3 - I printed out the value of i to make sure it was iterating the exact number of times as the length of file_string, and it is.

4 - Now, DIRECTLY after this code (after closing the file), when I print out the length of file_string, sometimes it will suddenly increase to some larger size. This has been causing me problems elsewhere in my code.

Now, I figure I can just stick the null terminal character in there and fix the problem (maybe that will cause errors further down the line), but I would prefer to know what's going on under the hood here.

Here is an example of my debugging, showing the change in size before and after. Bear in mind, the before length corresponds to the file_len variable.

>>>>>>>>>>>>>>>>>>>>>>>>>>>>>>>>>>>>>>>>>>>>>>> file_len: 24
>>>>>>>>>>>>>>>>>>>>>>>>>>>>>>>>>>>>>>>>>>>>>>>i: 0
>>>>>>>>>>>>>>>>>>>>>>>>>>>>>>>>>>>>>>>>>>>>>>>i: 1
>>>>>>>>>>>>>>>>>>>>>>>>>>>>>>>>>>>>>>>>>>>>>>>i: 2
>>>>>>>>>>>>>>>>>>>>>>>>>>>>>>>>>>>>>>>>>>>>>>>i: 3
>>>>>>>>>>>>>>>>>>>>>>>>>>>>>>>>>>>>>>>>>>>>>>>i: 4
>>>>>>>>>>>>>>>>>>>>>>>>>>>>>>>>>>>>>>>>>>>>>>>i: 5
>>>>>>>>>>>>>>>>>>>>>>>>>>>>>>>>>>>>>>>>>>>>>>>i: 6
>>>>>>>>>>>>>>>>>>>>>>>>>>>>>>>>>>>>>>>>>>>>>>>i: 7
>>>>>>>>>>>>>>>>>>>>>>>>>>>>>>>>>>>>>>>>>>>>>>>i: 8
>>>>>>>>>>>>>>>>>>>>>>>>>>>>>>>>>>>>>>>>>>>>>>>i: 9
>>>>>>>>>>>>>>>>>>>>>>>>>>>>>>>>>>>>>>>>>>>>>>>i: 10
>>>>>>>>>>>>>>>>>>>>>>>>>>>>>>>>>>>>>>>>>>>>>>>i: 11
>>>>>>>>>>>>>>>>>>>>>>>>>>>>>>>>>>>>>>>>>>>>>>>i: 12
>>>>>>>>>>>>>>>>>>>>>>>>>>>>>>>>>>>>>>>>>>>>>>>i: 13
>>>>>>>>>>>>>>>>>>>>>>>>>>>>>>>>>>>>>>>>>>>>>>>i: 14
>>>>>>>>>>>>>>>>>>>>>>>>>>>>>>>>>>>>>>>>>>>>>>>i: 15
>>>>>>>>>>>>>>>>>>>>>>>>>>>>>>>>>>>>>>>>>>>>>>>i: 16
>>>>>>>>>>>>>>>>>>>>>>>>>>>>>>>>>>>>>>>>>>>>>>>i: 17
>>>>>>>>>>>>>>>>>>>>>>>>>>>>>>>>>>>>>>>>>>>>>>>i: 18
>>>>>>>>>>>>>>>>>>>>>>>>>>>>>>>>>>>>>>>>>>>>>>>i: 19
>>>>>>>>>>>>>>>>>>>>>>>>>>>>>>>>>>>>>>>>>>>>>>>i: 20
>>>>>>>>>>>>>>>>>>>>>>>>>>>>>>>>>>>>>>>>>>>>>>>i: 21
>>>>>>>>>>>>>>>>>>>>>>>>>>>>>>>>>>>>>>>>>>>>>>>i: 22
>>>>>>>>>>>>>>>>>>>>>>>>>>>>>>>>>>>>>>>>>>>>>>>i: 23
>>>>>>>>>>>>>>>>>>>>>>>>>>>>>>>>>>>>>>>>>>>>>>> strlen(file_string): 30
1

There are 1 best solutions below

5
On BEST ANSWER

Now, I figure I can just stick the null terminal character in there and fix the problem (maybe that will cause errors further down the line), but I would prefer to know what's going on under the hood here.

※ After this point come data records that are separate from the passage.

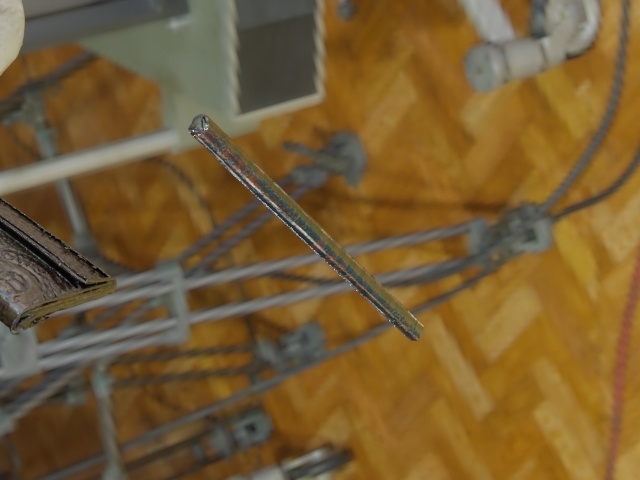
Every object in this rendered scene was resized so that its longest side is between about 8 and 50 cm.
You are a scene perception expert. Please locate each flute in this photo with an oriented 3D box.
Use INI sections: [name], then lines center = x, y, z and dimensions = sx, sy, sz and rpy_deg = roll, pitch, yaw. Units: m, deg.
[flute]
center = 0.000, 0.000, 0.936
dimensions = 0.014, 0.014, 0.269
rpy_deg = 41, 178, 37

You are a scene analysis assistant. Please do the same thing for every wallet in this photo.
[wallet]
center = -0.301, -0.012, 1.503
dimensions = 0.243, 0.133, 0.039
rpy_deg = 35, 117, 22

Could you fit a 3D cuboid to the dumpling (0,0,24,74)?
[dumpling]
center = -0.352, -0.214, 1.664
dimensions = 0.092, 0.176, 0.150
rpy_deg = -1, 111, 64
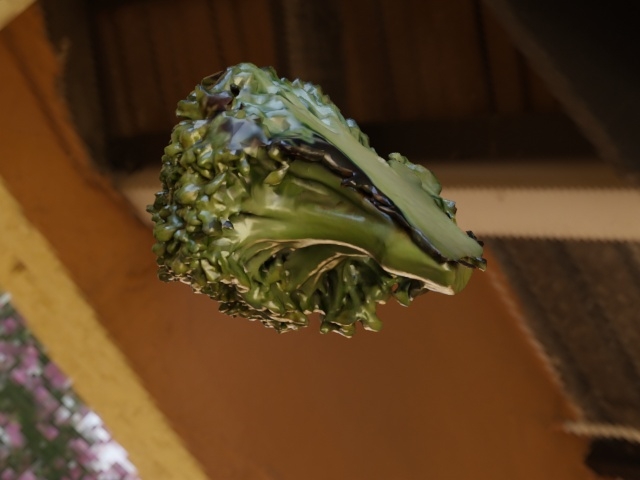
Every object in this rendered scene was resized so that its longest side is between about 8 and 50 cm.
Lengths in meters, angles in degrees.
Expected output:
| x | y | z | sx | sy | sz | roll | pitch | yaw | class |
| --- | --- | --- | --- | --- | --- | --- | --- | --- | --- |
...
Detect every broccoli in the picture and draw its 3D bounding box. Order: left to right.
| x | y | z | sx | sy | sz | roll | pitch | yaw | class |
| --- | --- | --- | --- | --- | --- | --- | --- | --- | --- |
| -0.014 | 0.004 | 1.251 | 0.242 | 0.180 | 0.273 | 12 | 29 | -52 | broccoli |
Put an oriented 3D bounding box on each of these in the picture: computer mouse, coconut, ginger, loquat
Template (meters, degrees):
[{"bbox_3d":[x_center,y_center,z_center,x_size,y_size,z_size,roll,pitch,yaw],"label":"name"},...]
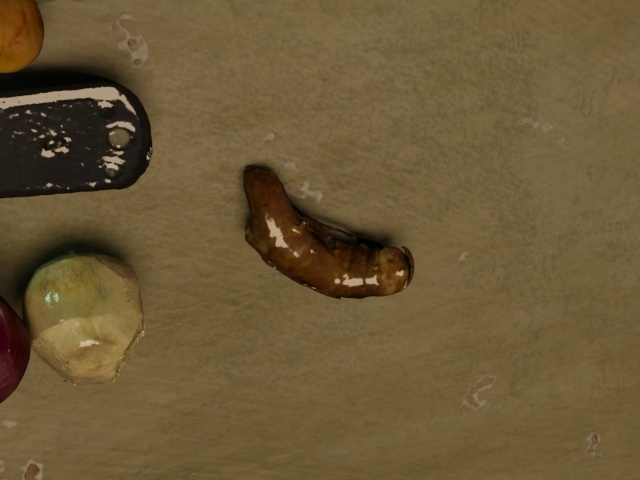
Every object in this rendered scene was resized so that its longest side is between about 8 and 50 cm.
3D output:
[{"bbox_3d":[-0.367,-0.149,1.720,0.269,0.100,0.170,-5,117,-10],"label":"computer mouse"},{"bbox_3d":[-0.344,0.100,1.827,0.194,0.194,0.194,-8,120,-14],"label":"coconut"},{"bbox_3d":[-0.005,0.011,1.925,0.309,0.107,0.133,25,122,-24],"label":"ginger"},{"bbox_3d":[-0.416,-0.282,1.618,0.113,0.137,0.137,-4,120,-32],"label":"loquat"}]

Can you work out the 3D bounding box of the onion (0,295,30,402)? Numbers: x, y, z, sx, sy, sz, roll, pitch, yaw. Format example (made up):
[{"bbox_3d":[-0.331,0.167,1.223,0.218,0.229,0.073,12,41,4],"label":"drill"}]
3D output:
[{"bbox_3d":[-0.575,0.115,1.729,0.348,0.285,0.347,-3,160,-1],"label":"onion"}]
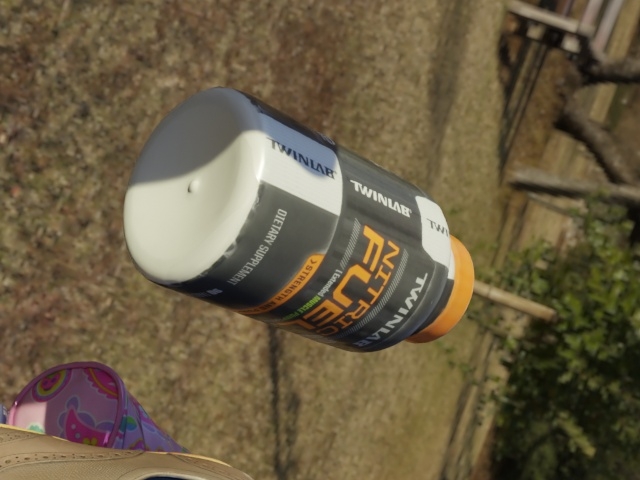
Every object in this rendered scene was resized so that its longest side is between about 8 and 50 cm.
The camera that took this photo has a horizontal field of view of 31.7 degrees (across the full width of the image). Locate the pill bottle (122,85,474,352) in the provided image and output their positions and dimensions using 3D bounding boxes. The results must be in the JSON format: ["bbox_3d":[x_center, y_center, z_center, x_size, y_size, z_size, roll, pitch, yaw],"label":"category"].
[{"bbox_3d":[0.000,0.000,0.761,0.246,0.130,0.130,23,87,-43],"label":"pill bottle"}]

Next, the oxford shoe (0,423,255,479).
[{"bbox_3d":[-0.196,0.189,0.779,0.133,0.364,0.129,162,-71,-63],"label":"oxford shoe"}]

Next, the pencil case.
[{"bbox_3d":[-0.184,0.218,1.064,0.124,0.124,0.284,-65,153,-22],"label":"pencil case"}]
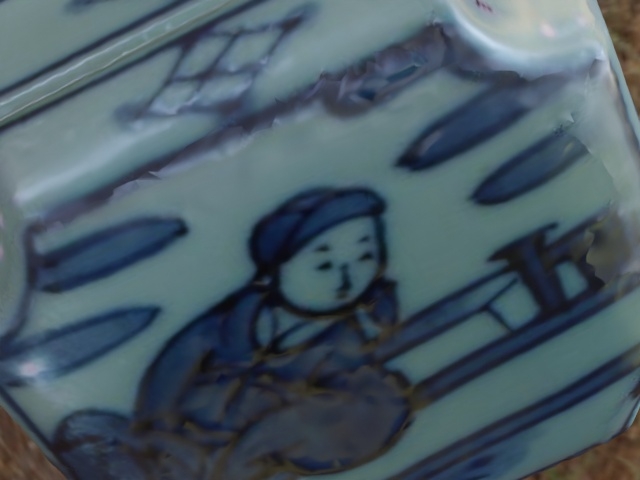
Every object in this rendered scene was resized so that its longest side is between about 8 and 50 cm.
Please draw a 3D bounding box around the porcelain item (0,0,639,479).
[{"bbox_3d":[0.000,0.000,0.766,0.281,0.157,0.286,-25,135,2],"label":"porcelain item"}]
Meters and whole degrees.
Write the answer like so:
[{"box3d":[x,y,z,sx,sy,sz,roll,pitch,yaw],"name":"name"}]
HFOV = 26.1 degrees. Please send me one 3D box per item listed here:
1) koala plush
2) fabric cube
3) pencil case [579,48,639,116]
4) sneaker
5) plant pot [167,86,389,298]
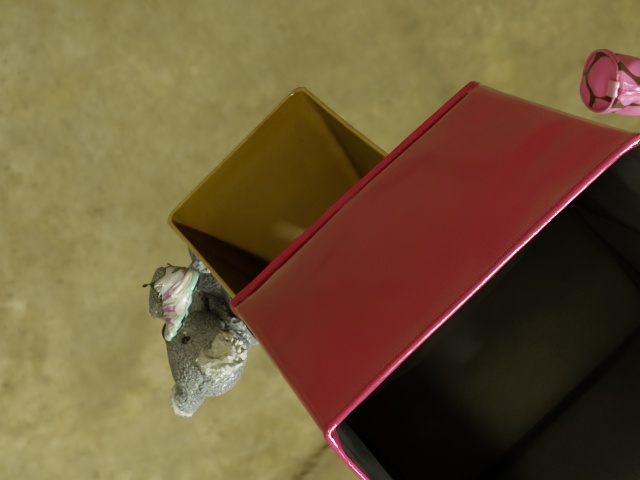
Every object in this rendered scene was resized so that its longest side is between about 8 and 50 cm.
[{"box3d":[-0.146,0.132,1.957,0.203,0.221,0.196,28,138,-16],"name":"koala plush"},{"box3d":[0.134,0.080,0.925,0.254,0.258,0.259,-44,111,-3],"name":"fabric cube"},{"box3d":[0.438,-0.183,1.746,0.209,0.098,0.095,9,120,-17],"name":"pencil case"},{"box3d":[-0.205,0.077,1.813,0.069,0.038,0.098,20,85,5],"name":"sneaker"},{"box3d":[0.000,0.000,1.494,0.212,0.212,0.187,-45,130,-1],"name":"plant pot"}]
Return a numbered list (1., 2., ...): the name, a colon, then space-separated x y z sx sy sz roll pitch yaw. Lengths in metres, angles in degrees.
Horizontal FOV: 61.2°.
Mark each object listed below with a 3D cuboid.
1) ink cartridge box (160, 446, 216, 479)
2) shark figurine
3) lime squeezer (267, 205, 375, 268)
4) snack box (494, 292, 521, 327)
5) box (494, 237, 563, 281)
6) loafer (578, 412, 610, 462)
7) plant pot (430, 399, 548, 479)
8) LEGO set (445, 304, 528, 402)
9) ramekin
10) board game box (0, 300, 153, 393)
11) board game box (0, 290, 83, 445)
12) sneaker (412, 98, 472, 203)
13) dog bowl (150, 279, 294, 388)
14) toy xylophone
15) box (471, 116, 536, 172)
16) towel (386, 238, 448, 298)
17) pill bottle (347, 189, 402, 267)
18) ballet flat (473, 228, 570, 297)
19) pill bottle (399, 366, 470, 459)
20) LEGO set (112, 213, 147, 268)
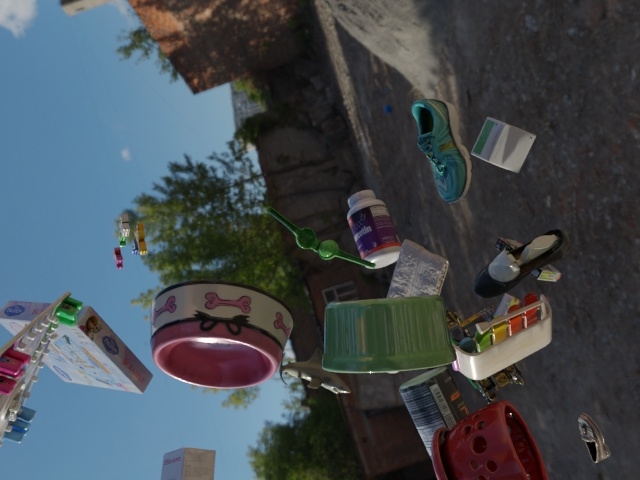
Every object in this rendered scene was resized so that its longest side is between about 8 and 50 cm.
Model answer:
1. ink cartridge box: -0.479 0.908 1.913 0.131 0.226 0.306 18 -123 -30
2. shark figurine: -0.040 0.393 1.709 0.278 0.116 0.166 25 177 -32
3. lime squeezer: 0.000 0.000 1.425 0.059 0.310 0.110 -60 -2 -32
4. snack box: 0.691 0.273 2.029 0.037 0.141 0.100 30 -176 39
5. box: 0.692 0.063 1.809 0.207 0.114 0.036 49 124 48
6. loafer: 0.598 0.438 1.192 0.125 0.039 0.045 57 170 -15
7. plant pot: 0.327 0.435 1.063 0.191 0.174 0.191 44 -153 -29
8. LEGO set: 0.550 0.350 1.819 0.331 0.192 0.255 59 179 7
9. ramekin: 0.149 0.206 1.234 0.303 0.303 0.148 56 -151 -82
10. board game box: -0.672 0.294 1.491 0.066 0.318 0.319 -66 -34 -40
11. board game box: -0.645 0.338 1.139 0.050 0.390 0.390 25 -173 -11
12. sneaker: 0.279 -0.215 1.296 0.107 0.110 0.275 -34 61 49
13. dog bowl: -0.281 0.279 1.504 0.408 0.408 0.150 69 -161 -50
14. toy xylophone: 0.501 0.249 1.461 0.081 0.322 0.236 -123 17 -50
15. box: 0.448 -0.234 1.330 0.101 0.102 0.087 -69 24 17
16. towel: 0.324 0.153 1.861 0.187 0.049 0.282 31 121 38
17. pill bottle: 0.228 -0.051 2.366 0.181 0.181 0.323 65 -175 -70
18. ballet flat: 0.521 0.048 1.418 0.095 0.280 0.096 59 -179 37
19. pill bottle: 0.294 0.436 1.277 0.130 0.130 0.246 60 -175 -79
20. LEGO set: -0.605 0.019 1.745 0.227 0.087 0.093 -57 48 46
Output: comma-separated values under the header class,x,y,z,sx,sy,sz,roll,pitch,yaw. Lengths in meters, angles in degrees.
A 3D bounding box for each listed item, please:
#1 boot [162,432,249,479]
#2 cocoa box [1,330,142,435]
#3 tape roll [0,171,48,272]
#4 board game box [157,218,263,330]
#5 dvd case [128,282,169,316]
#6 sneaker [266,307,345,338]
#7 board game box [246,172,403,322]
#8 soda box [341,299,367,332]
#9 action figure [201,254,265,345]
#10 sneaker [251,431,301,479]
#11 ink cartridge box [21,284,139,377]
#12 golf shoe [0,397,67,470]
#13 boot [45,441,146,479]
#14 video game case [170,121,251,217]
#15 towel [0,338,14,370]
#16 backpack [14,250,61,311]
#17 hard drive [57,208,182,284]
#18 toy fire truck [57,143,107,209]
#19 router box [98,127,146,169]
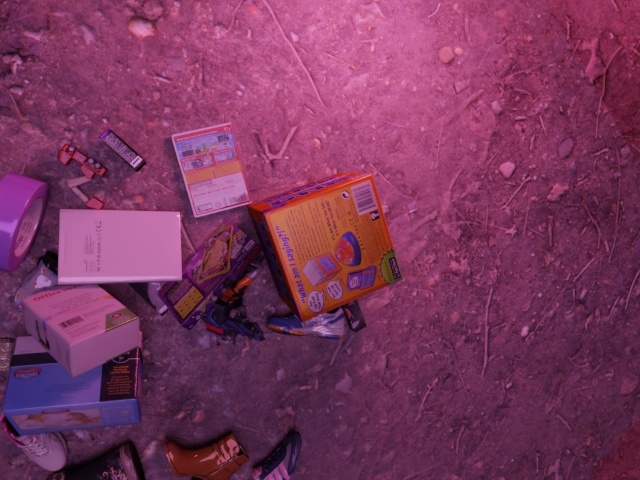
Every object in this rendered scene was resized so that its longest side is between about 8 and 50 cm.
class,x,y,z,sx,sy,sz,roll,pitch,yaw
boot,-0.405,0.764,1.698,0.220,0.109,0.283,-34,108,-9
cocoa box,-0.727,0.433,1.449,0.347,0.231,0.227,0,53,-17
tape roll,-0.877,-0.052,1.358,0.090,0.275,0.274,19,92,-18
board game box,-0.364,0.103,1.559,0.347,0.208,0.056,-48,140,-8
dvd case,-0.554,0.125,1.615,0.164,0.018,0.221,-43,106,-9
sneaker,-0.053,0.290,1.760,0.297,0.112,0.130,9,77,-19
board game box,0.000,0.000,1.589,0.356,0.356,0.356,-21,103,-13
soda box,0.118,0.262,1.820,0.060,0.053,0.168,-25,103,-12
action figure,-0.270,0.214,1.612,0.179,0.341,0.330,3,108,-59
sneaker,-0.180,0.857,1.780,0.131,0.112,0.318,25,88,-21
ink cartridge box,-0.694,0.240,1.381,0.201,0.278,0.117,-23,130,-49
golf shoe,-0.919,0.629,1.511,0.115,0.140,0.306,-30,106,-13
boot,-0.733,0.903,1.603,0.284,0.138,0.377,-12,97,-16
video game case,-0.368,-0.239,1.619,0.204,0.025,0.285,-16,102,-14
towel,-1.047,0.359,1.492,0.148,0.027,0.110,7,96,-18
backpack,-0.855,0.143,1.475,0.182,0.115,0.152,-47,108,-7
hard drive,-0.626,0.019,1.507,0.353,0.047,0.232,0,76,-23
toy fire truck,-0.747,-0.198,1.497,0.192,0.047,0.135,34,86,-19
router box,-0.603,-0.274,1.461,0.133,0.179,0.046,44,81,-16
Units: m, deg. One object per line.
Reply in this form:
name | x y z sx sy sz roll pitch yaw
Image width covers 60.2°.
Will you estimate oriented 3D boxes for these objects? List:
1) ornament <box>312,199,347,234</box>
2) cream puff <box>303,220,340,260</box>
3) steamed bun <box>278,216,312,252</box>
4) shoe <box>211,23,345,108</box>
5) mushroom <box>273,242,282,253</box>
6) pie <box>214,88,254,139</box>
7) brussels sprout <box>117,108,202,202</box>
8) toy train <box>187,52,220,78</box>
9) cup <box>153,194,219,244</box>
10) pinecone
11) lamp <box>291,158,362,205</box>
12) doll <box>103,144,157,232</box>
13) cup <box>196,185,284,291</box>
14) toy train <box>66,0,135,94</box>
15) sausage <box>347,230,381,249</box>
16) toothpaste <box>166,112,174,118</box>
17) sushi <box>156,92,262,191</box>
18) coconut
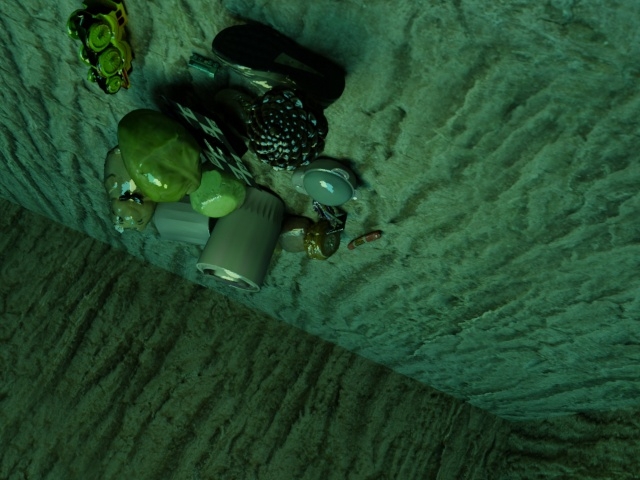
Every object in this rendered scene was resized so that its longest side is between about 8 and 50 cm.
ornament | 0.020 -0.120 1.955 0.081 0.088 0.203 -12 130 24
cream puff | 0.000 0.000 2.125 0.115 0.150 0.165 11 -163 41
steamed bun | -0.100 -0.032 2.225 0.175 0.106 0.145 -10 137 30
shoe | -0.112 -0.416 1.398 0.336 0.133 0.171 21 161 -8
mushroom | -0.329 -0.009 2.503 0.351 0.095 0.123 11 134 25
pie | -0.241 -0.376 1.659 0.163 0.079 0.193 23 161 36
brussels sprout | -0.509 -0.272 1.766 0.328 0.247 0.328 60 171 16
toy train | -0.326 -0.486 1.540 0.092 0.045 0.029 22 155 -1
cup | -0.515 -0.136 2.268 0.326 0.237 0.323 10 124 30
pinecone | -0.076 -0.269 1.322 0.207 0.208 0.208 20 156 9
lamp | 0.007 -0.180 1.797 0.245 0.108 0.179 6 147 36
doll | -0.731 -0.202 2.156 0.247 0.247 0.350 21 115 8
cup | -0.291 0.001 2.106 0.253 0.372 0.253 18 161 7
toy train | -0.597 -0.539 1.546 0.100 0.161 0.296 30 155 9
sausage | 0.165 0.001 2.122 0.034 0.034 0.253 31 156 -15
toothpaste | -0.534 -0.399 1.911 0.266 0.050 0.065 5 149 37
sushi | -0.309 -0.336 1.700 0.373 0.100 0.296 31 161 44
coconut | -0.370 -0.203 1.991 0.204 0.236 0.236 3 164 -22
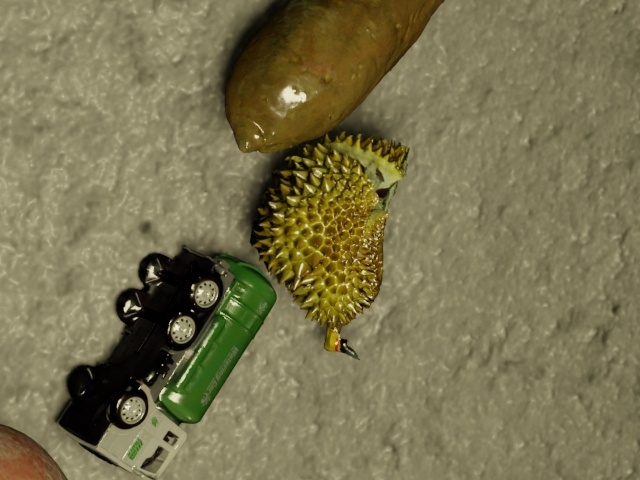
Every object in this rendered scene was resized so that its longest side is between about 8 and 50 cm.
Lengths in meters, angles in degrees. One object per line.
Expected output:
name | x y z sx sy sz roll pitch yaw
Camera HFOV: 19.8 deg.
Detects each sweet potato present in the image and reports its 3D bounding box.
sweet potato | 0.056 -0.230 1.840 0.422 0.130 0.130 -40 113 -20

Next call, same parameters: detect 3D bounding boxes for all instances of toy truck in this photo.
toy truck | -0.146 0.116 1.809 0.125 0.101 0.242 42 76 -38

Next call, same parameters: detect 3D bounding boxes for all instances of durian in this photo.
durian | 0.000 0.000 1.836 0.137 0.193 0.237 12 111 0

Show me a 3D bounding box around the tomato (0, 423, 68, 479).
tomato | -0.361 0.280 1.603 0.316 0.316 0.283 -8 85 -25

That's literally the solution. strlen is searching for a NULL terminator in the buffer, but not finding one because you have never added one. After your read code, you should explicitly add the NULL terminator (i.e. file_string[i] = '\0').

Remember that the storage returned by malloc is not zeroed, it's basically random data (well...the contents of the storage returned by malloc is undefined). What's happening is that you are running off the end of the buffer and into random memory, it just then happens to run into a zero byte further down the line and assumes that is the end of the string.